12.26.2006

Not what you’re sure to be
Or what you’ve become.

Updates, then?
How was my Xmas, you ask?

It was very laid-back and un-religious, and for that I am very thankful. I didn’t have to vehemently kiss inhuman looking Greek icons or try to calm my mother out of a hissy fit.

I spent a portion of my weekend helping my grandmother shift around items in her overstocked home, which is what the venture usually amounts to. She calls the event cleaning but I call it moving dusty purposeless stuff from one room to another. The only objects that met the trash bin were the most useless of the useless; wrinkled, blank sheets of paper, never read magazines, dollar store trinkets and the like.

We did a little bit of shopping and as a result I discovered three pictures for my depressingly bare apartment from an antiques warehouse in Stratham. The first two wall hangings are the back & front cover of sheet music. The packet was only seven dollars, and I resisted buying it until I noticed that the front cover stated that it was a “Fox Two Step”. Of course, at that point, I had to buy it. To explain to my listeners of lesser taste, “Two Step” is a Dave Matthews song and while it isn’t my favorite, it is on my list of intense likes.

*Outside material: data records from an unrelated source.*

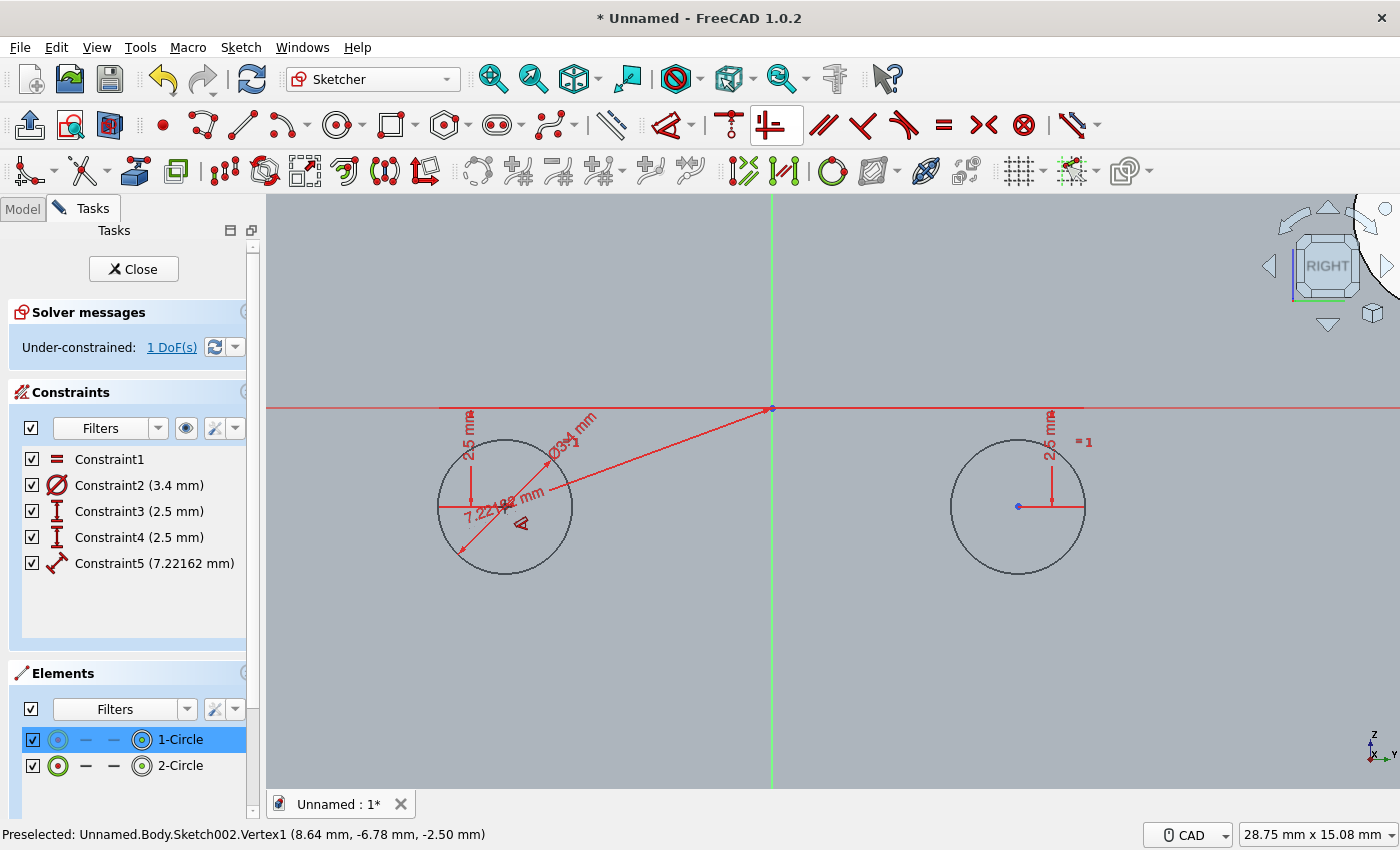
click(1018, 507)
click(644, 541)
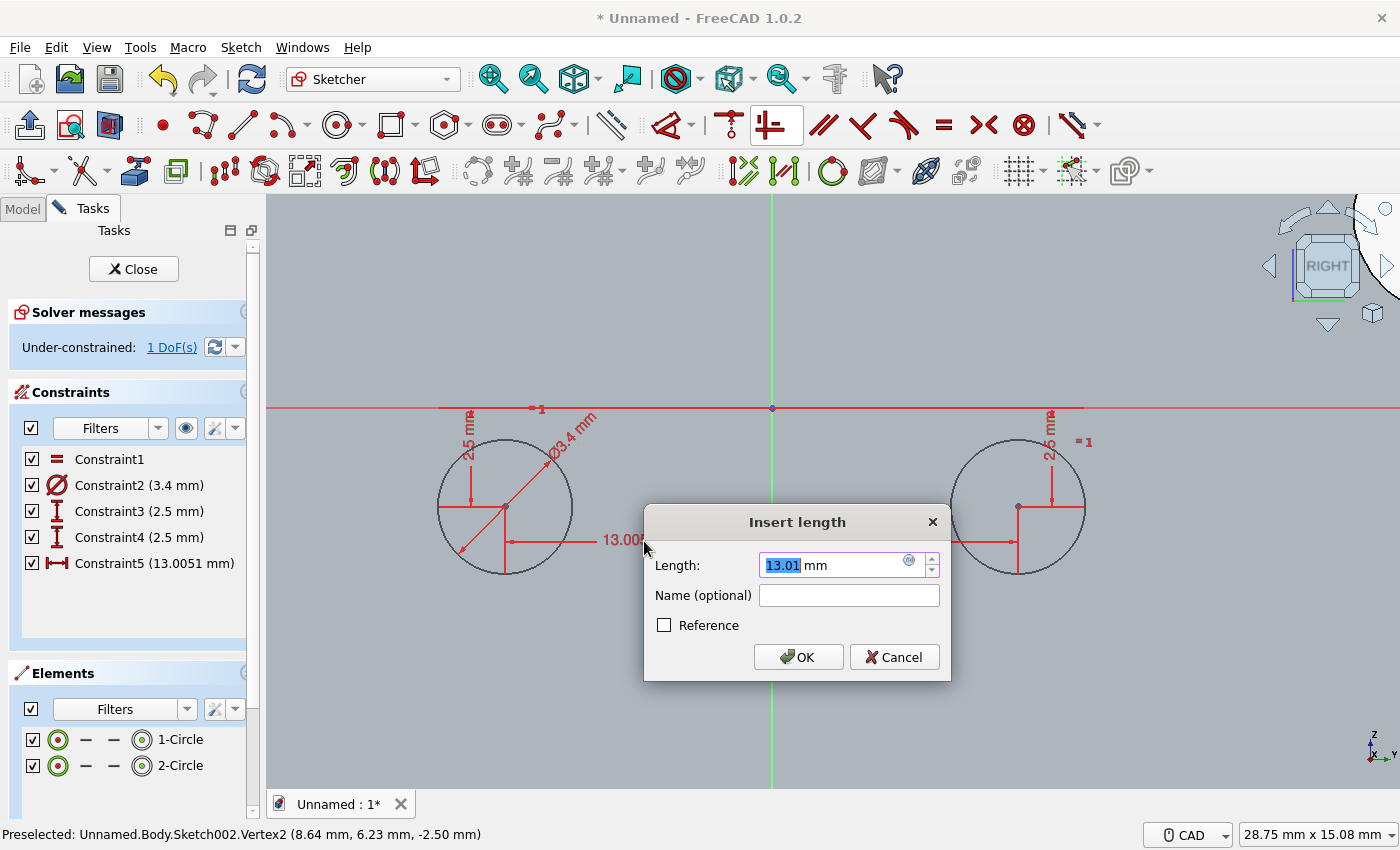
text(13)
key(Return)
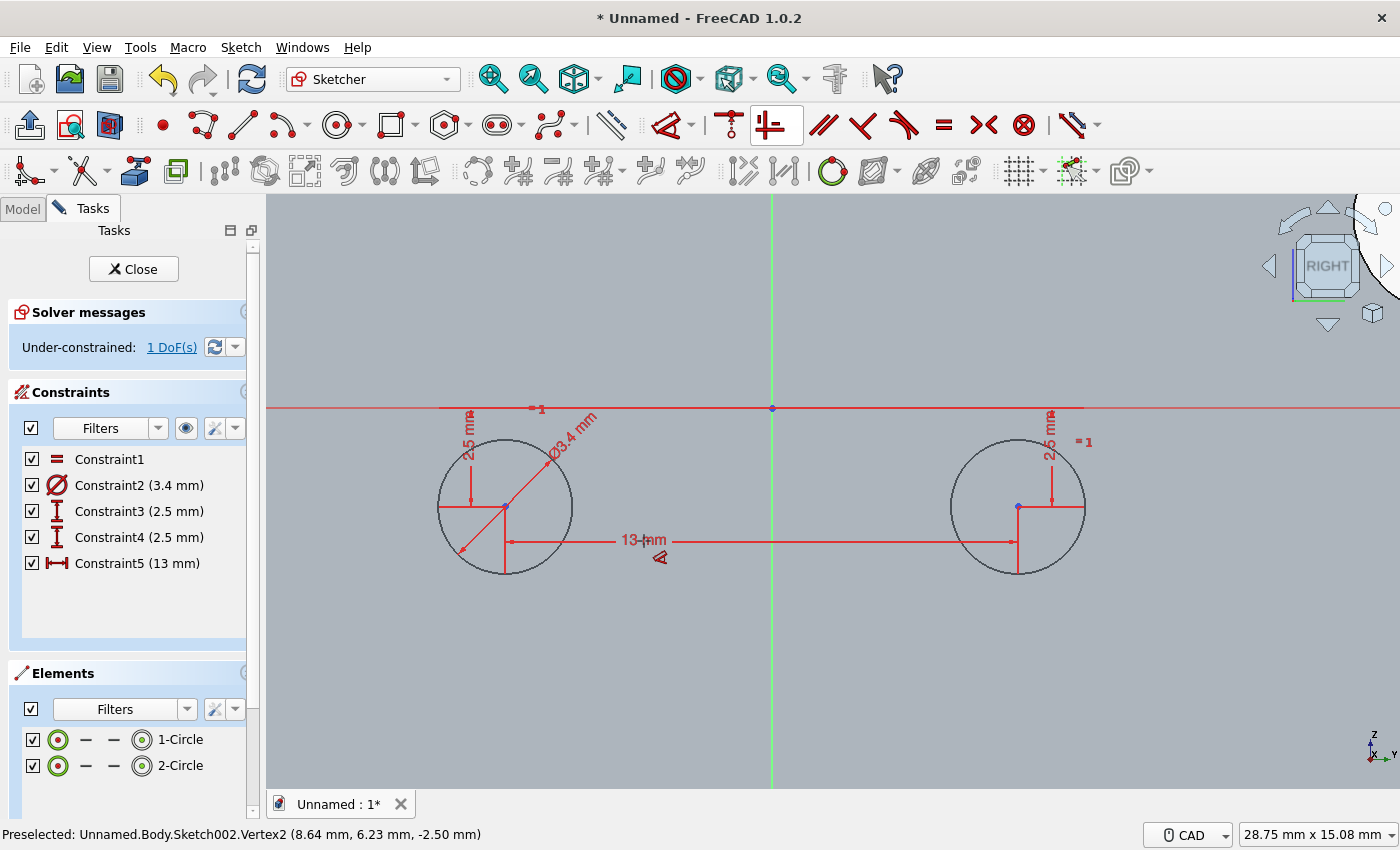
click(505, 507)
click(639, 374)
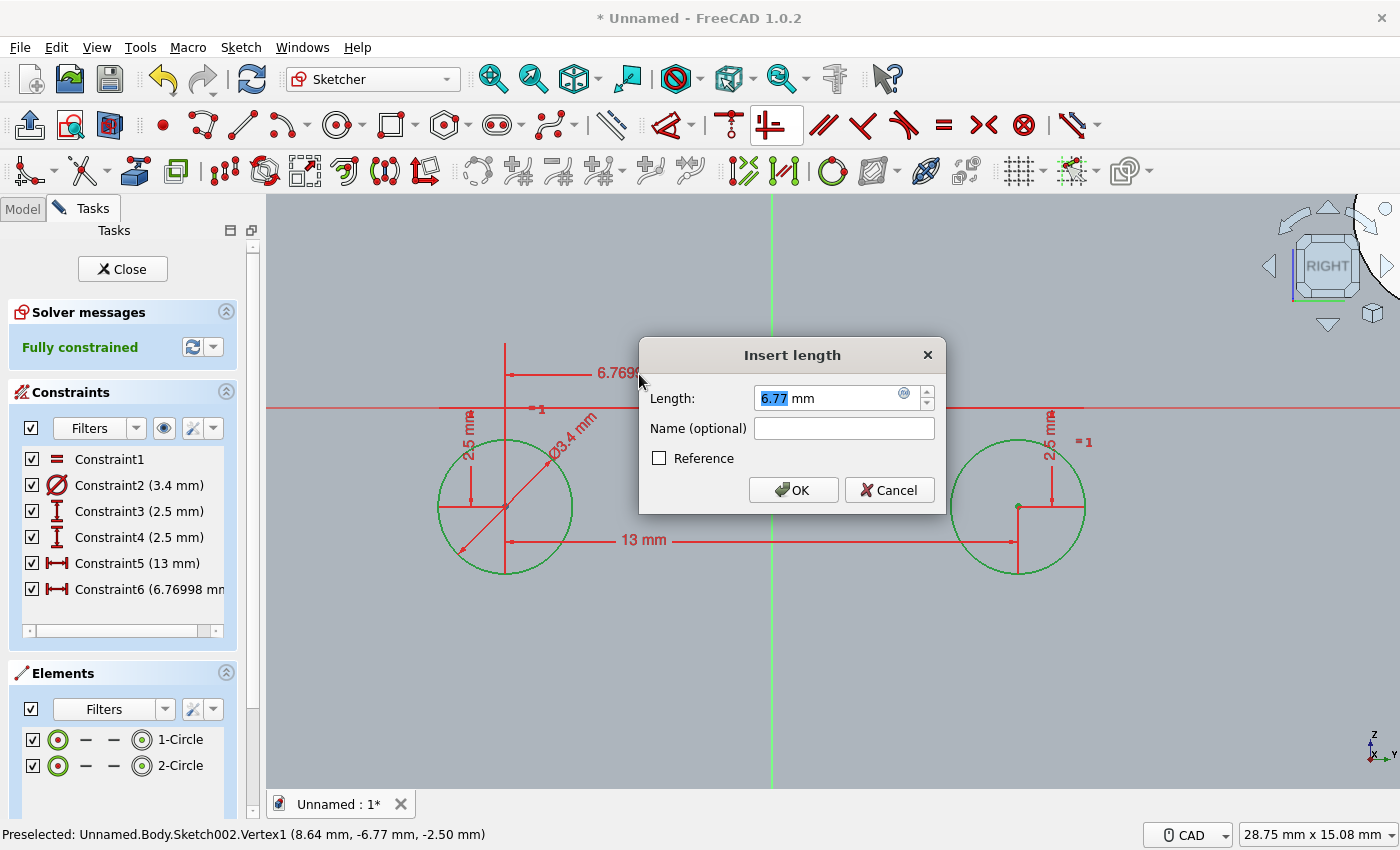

The back cover is of an odd sort but a likable one maybe as a result of its queerness. It is sheet music for an “Operetta with that Oriental sound you hear everywhere” encompassed by the title of The Egyptian or something like that. There is a black & white sketch of a girl, who looks neither of Oriental or Egyptian decent, in fact she seems of the classical Grecian variety. The whole thing is altogether confusing but esthetically pleasing, especially with the frame that I dug up from my grandmother’s porch.

My third picture is the most expensive and the smallest. It came with a grassy green frame that is obviously a match for the background, but antithetical to the “Girl in a Blue Dress” theme. I wasn’t in love with it, but chose it out of my identification with it.

My grandmother tested my slight artistic knowledge and I was able to say immediately that the replica painting was a Renoir. I have seen in detail about a dozen or so actual Renoir’s at the Boston Museum of Fine Art in my most frequented ‘Eastern European Impressionists’ room. Renoir was placed with other popularized artists that you’d likely see plastered across your art teacher’s walls; Monet, Bazille, Degas, Cezanne, etc. I wasn’t reaching for the stars when I identified him, but it would be hard for me to forget the wide sloppy-ish and intensely colorful strokes of a Renoir.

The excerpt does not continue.